Rain pelted her scalp, running down her neck and back, making her shiver. Her long hair, which she had so laboriously dried and brushed, was now again loaded with water. Her shirt clung to her like a second skin. A miserably cold one.

Where would Richard have gone?

Kahlan paused and held up the candle.

Juni.

Maybe he went to see Juni. She felt a stab of heartache; maybe he had gone to look at the dead baby. He might have wanted to go grieve for both.

That would be something Richard would do. He might have wanted to pray to the good spirits on behalf of the two souls new to the spirit world. Richard would do that.

Kahlan walked under an unseen streamlet of icy cold runoff from a roof, gasping as it caught her in her face, dousing the front of her. She pulled back wet strands of hair and spat some out of her mouth as she moved on. Having to hold up the candle in the frigid rain was numbing her fingers.

She searched carefully in the dark, trying to tell exactly where she was, to confirm she was going the right way. She found a familiar low wall with three herb pots. No one lived anywhere near; they were the herbs grown for the evil spirits housed not far away. She knew the way from there.

A little farther and then around a corner she found the door to the house for the dead. Fumbling with unfeeling fingers, she located the latch. The door, swollen in the rain, stuck enough to squeak. She stepped through the doorway and eased closed the door behind her.

“Richard? Richard, are you in here?”

No answer. She held up the candle. With her other hand she covered her nose against the smell. She could taste the stink on her tongue.

Light from her candle’s little window fell across the platform with the tiny body. She stepped closer, wincing when she felt a hard bug pop under her bare foot, but the tragedy lying there on the platform before her immediately deadened her care.

The sight held her immobilized. Little arms were frozen in space. Legs were stiff, with just an inch of air under the heels. Tiny hands cupped open. Such wee little fingers seemed impossible.

Kahlan felt a lump swell in her throat. She covered her mouth to stifle the unexpected cry for the might-have-been. The poor thing. The poor mother.

Behind, she heard an odd repetitious sound. As she stared at the little lifeless form, she idly tried to make sense of the soft staccato smacking. It paused. It started. It paused again. She absently dismissed it as the drip of water.

Unable to resist, Kahlan reached out.
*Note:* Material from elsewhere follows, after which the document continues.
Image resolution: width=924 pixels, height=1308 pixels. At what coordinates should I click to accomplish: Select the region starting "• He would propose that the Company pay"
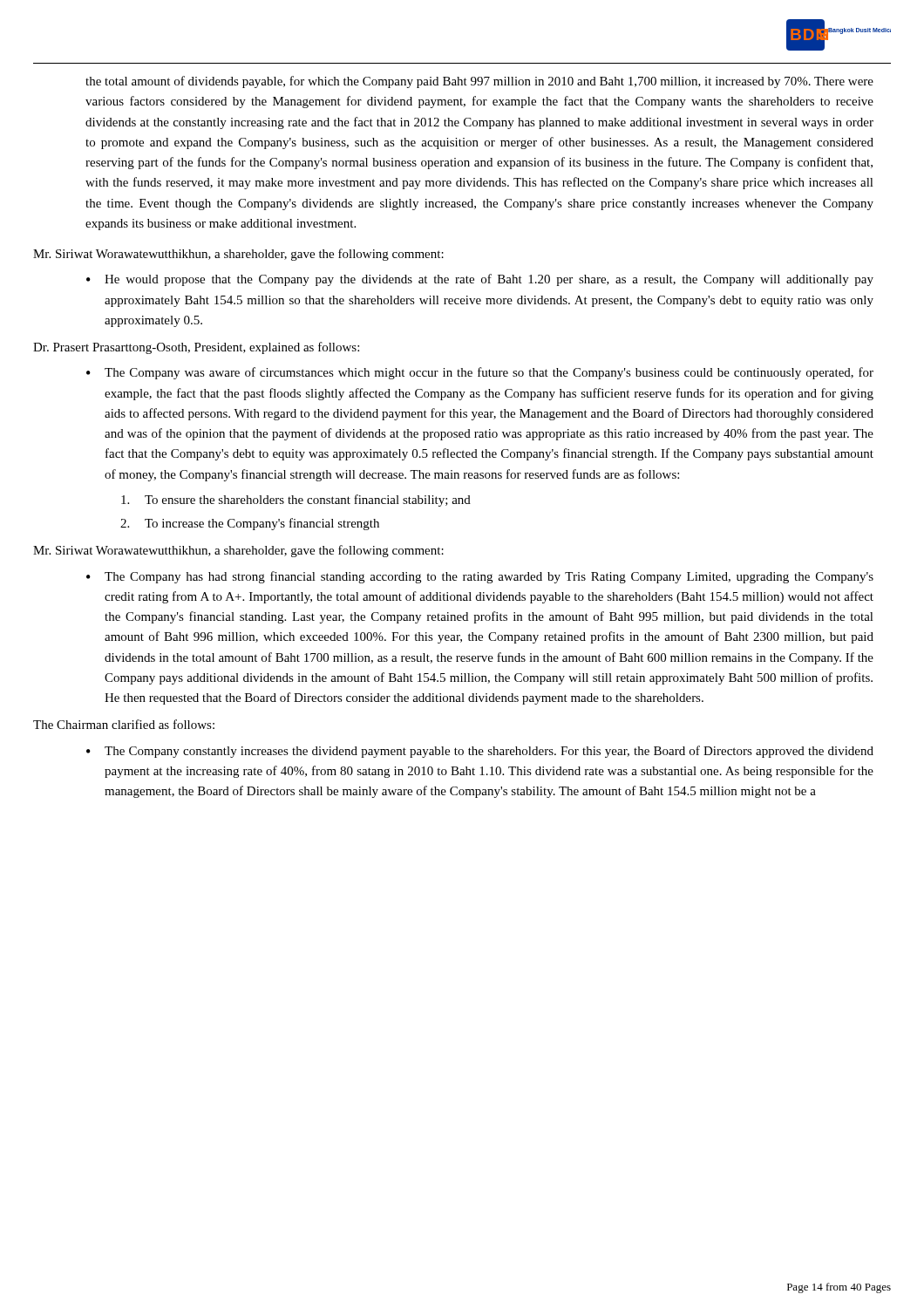point(479,300)
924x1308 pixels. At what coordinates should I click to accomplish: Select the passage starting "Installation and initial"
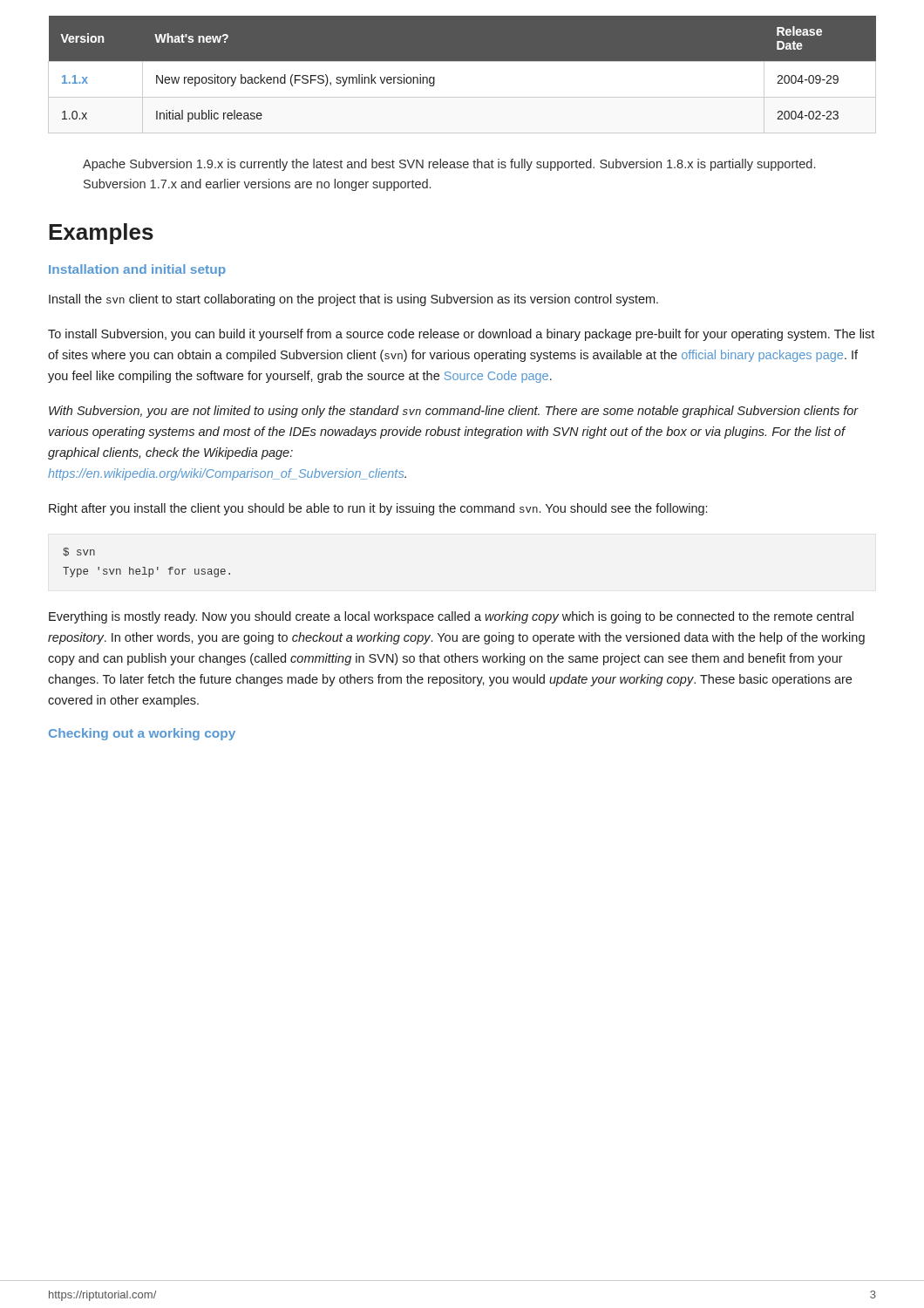(137, 269)

She tenderly settled her finger into the cup of the tiny hand. Her single finger was all the palm would hold. She almost expected the fingers to close around hers. But they didn’t.

She stifled another sob, feeling a tear roll down her cheek. She felt so sorry for the mother. Kahlan had seen so much death, so many bodies, she didn’t know why this one should affect her so, but it did.

She broke down and wept over the unnamed child. In the lonely house for the dead, her heart poured out for this life unlived, this vessel delivered into the world without a soul.

The sound behind at last intruded sufficiently that she turned to see what disturbed her prayer to the good spirits.

Kahlan gasped in her sob with a backward cry.

There, standing on Juni’s chest, was a chicken.

It was pecking out Juni’s eyes.

10

Kahlan wanted to chase the chicken away from the body, but she couldn’t seem to make herself do so. The chicken’s eye rolled to watch her as it pecked.

Thwack thwack thwack. Thwack. Thwack. That was the sound she had heard.

“Shoo!” She flicked a hand out toward the bird. “Shoo!”

It must have come for the bugs. That was why it was in there. For the bugs.

Somehow, she

couldn’t make herself believe it.

“Shoo! Leave him alone!”

Hissing, hackles lifting, the chicken’s head rose.

Kahlan pulled back.

Its claws digging into stiff dead flesh, the chicken slowly turned to face her. It cocked its head, making its comb flop, its wattles sway.

“Shoo,” Kahlan heard herself whisper.

There wasn’t enough light, and besides, the side of its beak was covered with gore, so she couldn’t tell if it had the dark spot. But she didn’t need to see it.

“Dear spirits, help me,” she prayed under her breath.